Вдруг Тамара Ивановна указала мне на двух пожилых женщин, бредущих по противоположной стороне улицы:

Смотрите, Афонины сестры.

По тротуару, обрамленному лопухами с обеих сторон, брели две сухонькие серые старушки. У каждой был узелок размером с кочан капусты. Про Афоню я уже слышал от Леопольда Никодимовича Красницкого. Даже видел фотографию. На ней рядом с моим знакомым на земле сидел, развалившись, худощавый человек. Он смотрел в камеру из-под рваного заячьего треуха безумно плутовским взглядом. Несмотря на летний день, блаженный был одет в валенки и телогрейку. По небритому лицу возраст угадывался с трудом. Пятьдесят? Семьдесят?

История Афони такова. Он жил в соседнем с Белым Колодезем селе. Был он всегда немного не в себе. За что и подвергался обидам и насмешкам со стороны сверстников. Когда исполнилось ему лет шестнадцать, ушел на отшиб, вырыл землянку, да там и жил с год примерно. Потом вернулся. И стал общепризнанным деревенским дурачком.

Первое предсказание сделал в предвоенные годы. Крестьяне высаживали лесополосу из молодых дубков. Афоня суетился рядом и говорил: «Сажайте, сажайте — березки вырастут». Это смешило сельчан: какие березы — дубы садим. Деревья выросли, но в годы оккупации немцы вырубили дубы, и после войны на этом месте были посажены березы.

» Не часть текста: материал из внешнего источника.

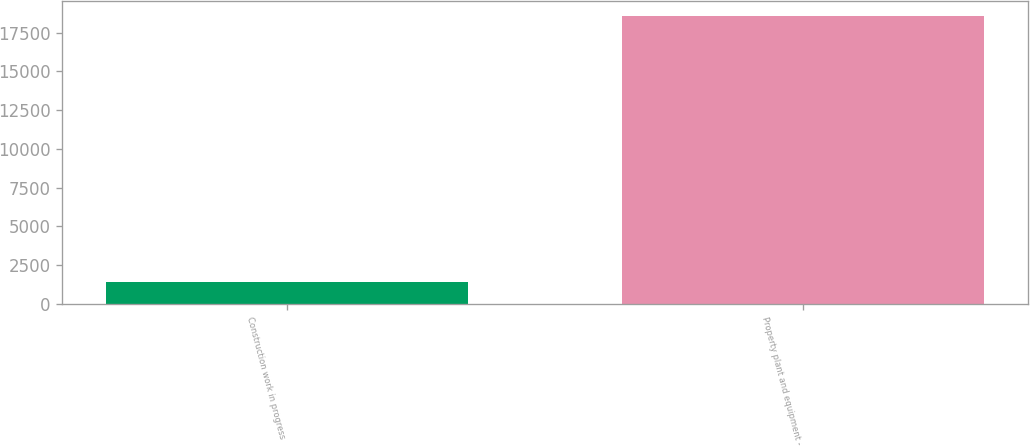Convert chart. <chart><loc_0><loc_0><loc_500><loc_500><bar_chart><fcel>Construction work in progress<fcel>Property plant and equipment -<nl><fcel>1441<fcel>18596<nl></chart>

Во время войны и после односельчане обращались к нему, желая узнать судьбу родных. Он делал весьма загадочные предсказания.

Например, одной бабе на вопрос, где ее муж, сказал: «Бежит хромой кобель, весь в репьях». Вскоре пришел ее муж, получивший ранение в ногу. Но грудь его была в медалях.

У одного сельчанина блаженный снял рубаху и стал рубить топором, плача при этом. Мужик был весьма раздосадован и даже ударил Афоню, но тот убежал. Вечером этого же дня мужчина погиб, наткнувшись на оставшуюся с войны гранату.

После войны Афоня жил один — родители умерли. Пропитание зарабатывал простой работой в совхозе да подаяниями. За его предсказаниями регулярно обращались. Однажды для борьбы с суевериями в село приехал милиционер на мотоцикле и хотел забрать блаженного. Но как только последний садился в коляску мотоцикла, тот не заводился. Помучившись, представитель власти уехал ни с чем.

Как-то раз к нему пришли две учительницы и стали проводить антирелигиозную агитацию. Афоне они понравились. «Живите у меня», — сказал он женщинам, и они остались. Вели хозяйство. Опять приезжал милиционер. Но они так и прижились у блаженного. А односельчане стали называть их Афониными сестрами. После смерти юродивого они ушли из села и жили в поселке.

Собственно, их мне сейчас и показывала Тамара Ивановна. Старушки да и старушки. Белые платочки, серые телогрейки, черные юбки да резиновые сапоги. Ничего особенного.